-- MATERIAL FOR THIS EXERCISE --
□ □ □ □ □
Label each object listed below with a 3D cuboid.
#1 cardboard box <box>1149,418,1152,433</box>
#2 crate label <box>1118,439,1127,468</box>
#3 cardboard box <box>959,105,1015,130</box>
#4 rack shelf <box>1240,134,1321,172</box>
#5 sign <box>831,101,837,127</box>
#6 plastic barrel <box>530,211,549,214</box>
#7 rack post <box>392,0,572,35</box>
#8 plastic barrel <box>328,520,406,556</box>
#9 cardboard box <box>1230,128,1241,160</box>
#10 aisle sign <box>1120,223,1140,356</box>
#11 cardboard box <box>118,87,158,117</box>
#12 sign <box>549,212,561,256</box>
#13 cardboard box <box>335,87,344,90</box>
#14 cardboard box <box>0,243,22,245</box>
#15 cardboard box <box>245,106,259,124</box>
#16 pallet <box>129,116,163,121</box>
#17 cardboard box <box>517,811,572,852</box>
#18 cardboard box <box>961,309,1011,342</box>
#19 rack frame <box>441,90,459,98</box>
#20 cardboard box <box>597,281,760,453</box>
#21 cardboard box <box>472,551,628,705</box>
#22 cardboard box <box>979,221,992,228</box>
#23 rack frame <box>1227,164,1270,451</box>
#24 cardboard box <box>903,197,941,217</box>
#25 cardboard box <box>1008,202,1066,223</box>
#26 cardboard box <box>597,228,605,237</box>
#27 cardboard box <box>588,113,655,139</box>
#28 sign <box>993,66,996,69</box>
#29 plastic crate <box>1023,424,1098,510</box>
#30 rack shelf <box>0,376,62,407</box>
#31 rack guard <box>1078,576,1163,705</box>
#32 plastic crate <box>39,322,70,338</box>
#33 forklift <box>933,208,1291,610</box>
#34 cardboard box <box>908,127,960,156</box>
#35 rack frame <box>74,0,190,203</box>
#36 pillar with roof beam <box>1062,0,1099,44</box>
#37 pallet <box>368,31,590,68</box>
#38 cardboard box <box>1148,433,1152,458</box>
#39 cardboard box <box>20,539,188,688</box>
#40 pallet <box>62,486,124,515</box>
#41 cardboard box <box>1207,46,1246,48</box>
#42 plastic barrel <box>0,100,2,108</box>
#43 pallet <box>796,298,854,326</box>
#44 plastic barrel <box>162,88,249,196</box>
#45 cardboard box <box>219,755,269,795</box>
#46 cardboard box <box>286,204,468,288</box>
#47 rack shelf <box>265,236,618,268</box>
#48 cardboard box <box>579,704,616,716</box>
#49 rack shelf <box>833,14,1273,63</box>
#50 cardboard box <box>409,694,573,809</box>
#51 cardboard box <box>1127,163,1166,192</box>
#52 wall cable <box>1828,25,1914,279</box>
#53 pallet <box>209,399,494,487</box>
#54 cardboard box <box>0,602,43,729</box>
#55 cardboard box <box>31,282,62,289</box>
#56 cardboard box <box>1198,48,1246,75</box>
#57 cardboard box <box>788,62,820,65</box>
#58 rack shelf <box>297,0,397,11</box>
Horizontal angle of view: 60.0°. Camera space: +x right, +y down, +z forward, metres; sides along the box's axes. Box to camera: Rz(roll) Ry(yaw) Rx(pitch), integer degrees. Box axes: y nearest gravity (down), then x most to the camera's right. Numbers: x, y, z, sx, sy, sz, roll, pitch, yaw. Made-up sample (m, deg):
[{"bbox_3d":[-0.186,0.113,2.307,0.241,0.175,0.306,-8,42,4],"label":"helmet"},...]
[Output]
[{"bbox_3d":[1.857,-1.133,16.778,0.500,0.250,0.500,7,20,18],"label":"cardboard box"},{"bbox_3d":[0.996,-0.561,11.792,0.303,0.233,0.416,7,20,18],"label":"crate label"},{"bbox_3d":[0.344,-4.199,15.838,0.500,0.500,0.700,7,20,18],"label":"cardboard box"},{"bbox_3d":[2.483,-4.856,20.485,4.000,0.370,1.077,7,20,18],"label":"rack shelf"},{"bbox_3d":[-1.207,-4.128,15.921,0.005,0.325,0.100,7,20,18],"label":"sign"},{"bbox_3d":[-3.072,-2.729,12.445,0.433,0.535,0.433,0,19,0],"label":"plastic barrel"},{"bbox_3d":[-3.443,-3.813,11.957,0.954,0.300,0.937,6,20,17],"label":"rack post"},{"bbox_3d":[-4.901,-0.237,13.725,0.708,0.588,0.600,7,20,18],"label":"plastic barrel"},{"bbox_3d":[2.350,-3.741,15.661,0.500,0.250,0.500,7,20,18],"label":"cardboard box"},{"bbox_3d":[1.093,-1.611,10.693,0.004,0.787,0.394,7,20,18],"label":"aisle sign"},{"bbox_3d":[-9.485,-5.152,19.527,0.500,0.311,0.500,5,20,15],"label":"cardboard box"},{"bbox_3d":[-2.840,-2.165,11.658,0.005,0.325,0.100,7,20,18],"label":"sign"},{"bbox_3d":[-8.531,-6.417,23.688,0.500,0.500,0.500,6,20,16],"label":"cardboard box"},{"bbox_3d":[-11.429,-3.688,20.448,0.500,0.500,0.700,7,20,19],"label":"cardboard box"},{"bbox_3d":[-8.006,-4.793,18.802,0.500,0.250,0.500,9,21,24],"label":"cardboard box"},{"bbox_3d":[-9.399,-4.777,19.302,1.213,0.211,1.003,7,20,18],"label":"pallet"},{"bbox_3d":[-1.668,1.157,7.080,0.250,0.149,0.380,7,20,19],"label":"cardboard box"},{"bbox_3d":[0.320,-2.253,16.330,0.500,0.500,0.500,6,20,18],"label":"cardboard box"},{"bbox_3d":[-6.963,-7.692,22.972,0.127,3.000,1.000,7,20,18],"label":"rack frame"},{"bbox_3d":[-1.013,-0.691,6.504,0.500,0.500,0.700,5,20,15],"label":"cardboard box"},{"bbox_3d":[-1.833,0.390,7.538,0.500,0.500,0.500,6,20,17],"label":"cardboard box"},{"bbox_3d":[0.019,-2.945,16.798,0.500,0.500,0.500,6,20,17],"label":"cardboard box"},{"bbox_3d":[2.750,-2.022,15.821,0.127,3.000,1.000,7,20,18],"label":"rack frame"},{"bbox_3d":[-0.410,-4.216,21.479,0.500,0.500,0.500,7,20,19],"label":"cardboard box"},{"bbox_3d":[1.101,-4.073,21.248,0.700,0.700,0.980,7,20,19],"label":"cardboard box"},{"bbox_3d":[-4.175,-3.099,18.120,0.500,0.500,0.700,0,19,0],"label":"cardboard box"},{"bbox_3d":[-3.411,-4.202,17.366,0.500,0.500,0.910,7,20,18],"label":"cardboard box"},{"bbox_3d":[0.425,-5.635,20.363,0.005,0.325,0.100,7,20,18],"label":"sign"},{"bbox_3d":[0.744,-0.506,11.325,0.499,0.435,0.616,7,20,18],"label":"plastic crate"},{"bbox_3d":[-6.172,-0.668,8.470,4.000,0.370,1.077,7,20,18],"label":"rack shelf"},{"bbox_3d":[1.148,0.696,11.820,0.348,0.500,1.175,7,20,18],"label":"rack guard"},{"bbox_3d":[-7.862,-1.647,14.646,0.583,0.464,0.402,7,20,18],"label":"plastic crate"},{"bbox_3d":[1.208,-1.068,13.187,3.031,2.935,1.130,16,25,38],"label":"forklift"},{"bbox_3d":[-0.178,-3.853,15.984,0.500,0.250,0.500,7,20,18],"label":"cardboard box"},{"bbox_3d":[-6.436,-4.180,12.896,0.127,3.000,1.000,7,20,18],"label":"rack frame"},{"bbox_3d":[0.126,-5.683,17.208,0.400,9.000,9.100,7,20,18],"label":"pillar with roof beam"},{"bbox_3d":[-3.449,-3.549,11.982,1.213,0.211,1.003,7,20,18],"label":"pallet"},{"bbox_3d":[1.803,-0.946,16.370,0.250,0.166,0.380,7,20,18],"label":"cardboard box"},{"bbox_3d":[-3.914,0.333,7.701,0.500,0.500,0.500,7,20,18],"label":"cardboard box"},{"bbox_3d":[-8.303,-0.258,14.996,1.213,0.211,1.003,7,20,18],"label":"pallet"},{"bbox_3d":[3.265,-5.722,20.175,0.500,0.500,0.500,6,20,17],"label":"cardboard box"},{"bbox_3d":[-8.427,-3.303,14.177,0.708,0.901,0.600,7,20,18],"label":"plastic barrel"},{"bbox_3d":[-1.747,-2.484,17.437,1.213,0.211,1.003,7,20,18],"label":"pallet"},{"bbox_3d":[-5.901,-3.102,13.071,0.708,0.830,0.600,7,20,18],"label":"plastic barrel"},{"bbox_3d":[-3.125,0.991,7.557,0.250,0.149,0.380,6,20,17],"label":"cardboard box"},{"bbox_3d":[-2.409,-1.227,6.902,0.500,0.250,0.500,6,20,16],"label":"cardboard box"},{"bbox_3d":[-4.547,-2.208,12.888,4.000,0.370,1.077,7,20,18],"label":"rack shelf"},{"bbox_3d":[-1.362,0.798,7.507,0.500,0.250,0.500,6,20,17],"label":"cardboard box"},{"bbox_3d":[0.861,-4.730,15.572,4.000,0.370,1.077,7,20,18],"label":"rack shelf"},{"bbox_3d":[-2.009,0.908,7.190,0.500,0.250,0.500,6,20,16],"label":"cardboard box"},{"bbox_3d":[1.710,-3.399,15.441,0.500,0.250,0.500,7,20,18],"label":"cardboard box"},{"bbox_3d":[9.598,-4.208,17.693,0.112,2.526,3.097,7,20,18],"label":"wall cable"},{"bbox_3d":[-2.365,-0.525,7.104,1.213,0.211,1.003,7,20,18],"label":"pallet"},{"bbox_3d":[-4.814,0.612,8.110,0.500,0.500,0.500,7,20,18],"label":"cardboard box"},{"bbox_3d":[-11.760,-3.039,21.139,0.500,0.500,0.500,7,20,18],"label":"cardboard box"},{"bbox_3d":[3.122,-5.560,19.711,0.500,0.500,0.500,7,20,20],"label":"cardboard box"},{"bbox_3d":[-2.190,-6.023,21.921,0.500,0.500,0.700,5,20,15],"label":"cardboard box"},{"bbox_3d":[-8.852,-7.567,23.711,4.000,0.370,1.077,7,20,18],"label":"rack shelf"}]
□ □ □ □ □
-- WORK REQUEST --
All lines from the start of the entries through the line where "#5 sign <box>831,101,837,127</box>" sits should be duplicated exactly, with nothing else in the output.

-- ANSWER FOR THE TASK --
Label each object listed below with a 3D cuboid.
#1 cardboard box <box>1149,418,1152,433</box>
#2 crate label <box>1118,439,1127,468</box>
#3 cardboard box <box>959,105,1015,130</box>
#4 rack shelf <box>1240,134,1321,172</box>
#5 sign <box>831,101,837,127</box>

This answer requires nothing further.